Saturday, 29 September 2012

Penn State women’s hockey starting under a dark shadow

When the Pegula family proudly made their generous donation to create the Penn State ice hockey program, no one could have foreseen the scandal that would rock the university. As a new ice hockey program competing at the NCAA Division I level is hurled into the same throes as an expansion team in the National Hockey League, trying to escape the dark shadow of a tragic event only adds obstacles to the task of building a team.
For the Penn State Nittany Lions, their beginnings are mired against the backdrop of a football coaching scandal that crippled the football program while giving the university a black eye. In the wake of these events, every program will be under intense scrutiny. In the case of Penn State, it can only hope that it does not endure the same beginning as its sister team in the CHA, the Robert Morris Colonials. In its inaugural season, the club had a dismal 1-7-0 start and head coach Kevin McGonagle was dismissed.
Tragically, any athlete or team associated with the University will have the black cloud of the scandal hover over them for now. As unfair as it may be, it is a burden that the women’s ice hockey team may have to shoulder in their inaugural season.
Heading into the new look College Hockey America conference, the Nittany Lions will compete for a respectable third place finish against the Syracuse Orange, and newly admitted clubs, the Lindenwood Lady Lions and RIT Tigers. Two other team from Pennsylvania, the Mercyhurst Lakers (from Erie) and the aforementioned Robert Morris squad (from Moon Township) will battle for top spot.
Despite the obstacles that have been presented in light of the football scandal, there are other aspects to consider. As Sports Illustrated mentioned, it is one of the leading academic institutions in America, with the largest student run philanthropic organization. The ability to excel and perform amidst the dark cloud cast among them may still prove to be their finest hour.
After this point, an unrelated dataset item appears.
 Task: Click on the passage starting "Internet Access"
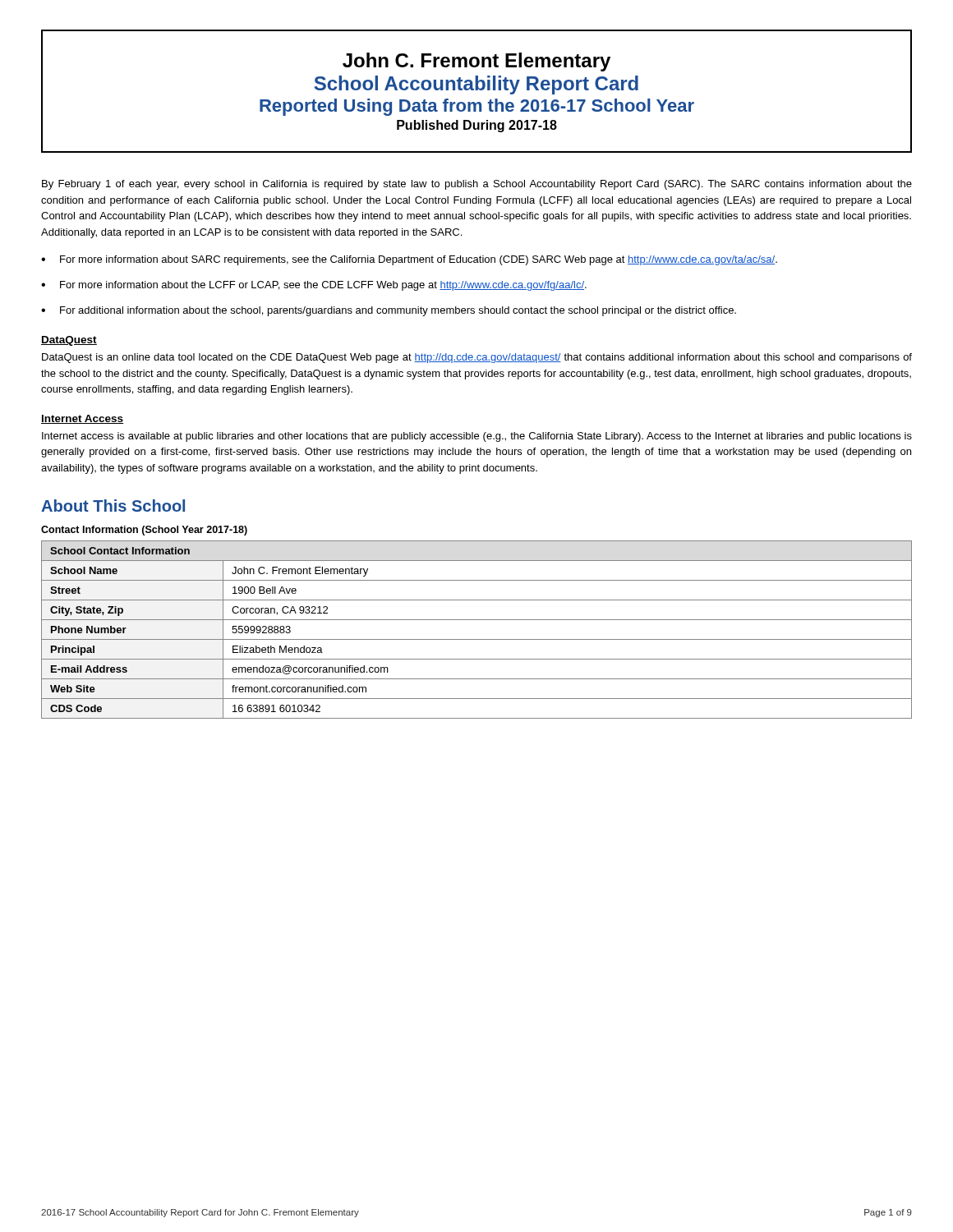pos(82,418)

Saturday, 1 September 2012

Shannon Miller: a possible solution to USA Hockey’s Winter Games golden dreams?

During the offseason, a low key event occurred that may have long term ramifications for USA Hockey. While Canada celebrated gold at the 2012 IIHF Women’s Worlds in Burlington, Vermont, the Minnesota Golden Gophers attended a Minnesota Twins game, Shannon Miller became a United States citizen.
Having won five Frozen Four titles with the Minnesota-Duluth Bulldogs, Miller is one of the most respected coaches in NCAA history. As a member of the Ethics Committee for US women's college hockey, and the NCAA Division 1 Championships Committee, Miller is as influential as she is accomplished. Using great acumen in her duties as head coach, Miller has helped open the doors to many. She hired legendary goaltender and one-time pop culture icon Manon Rheaume to be the Bulldogs goaltending coach.
Before Caroline Ouellette and Julie Chu won the Clarkson Cup together for the Montreal Stars, the two served on her coaching staff for the 2007-08 Bulldogs Frozen Four title team. Quite possibly, the greatest legacy of her game has been the success Europeans have had playing for her, a track record no one can match.
Prior to becoming one of the greatest coaches in NCAA women’s ice hockey history, Miller had assembled an impressive resume with the Canadian national women’s team. A former police officer in Calgary, Alberta, she was an assistant coach on the Canadian gold medal winning squad at the 1994 IIHF Women’s Worlds in Lake Placid. Three years later, she was promoted to head coach as Canada claimed their fourth consecutive gold at the IIHF Women’s Worlds in Kitchener, Ontario.  Heading into the 1998 Nagano Games, Miller was head coach of the first ever Canadian women’s hockey entry at the Winter Games. Despite earning silver, the effort was overshadowed by the exclusion of Angela James, a controversial decision.
Since those Winter Games, Canada has not relinquished the gold medal, while the United States have suffered a series of heartbreaking disappointments, including a bronze medal at the 2006 Torino Winter Games. Should the US fail to win the gold at Sochi 2014, there will be some serious reevaluation at USA Hockey. Perhaps one of those changes would involve newly inducted US citizen Shannon Miller as a head coach?
As the 2018 Winter Games in Pyeongchang, South Korea represent the 20th Anniversary of the debut of women’s ice hockey at the Winter Games, would it not be the greatest irony if the coach of the first Canadian contingent coached the United States twenty years later? Herb Brooks went 22 years between coaching gigs for the United States men’s team at the Winter Games (1980 to 2002). In the meanwhile, he coached France at the 1998 Winter Games.

It is not uncommon that accomplished coaches at the international level coach countries that do not represent their place of birth. George Kingston, the first coach in San Jose Sharks history, coached the German and Norwegian national teams despite being born in Canada. Despite being Canadian born, Shannon Miller would be a suitable candidate. Years ago, a Canadian sports talk show suggested that the only way USA Hockey would have an opportunity at being dominant in the international scene was to hire a Canadian born person as a coach. Such words may come back to haunt them if Shannon Miller has the opportunity.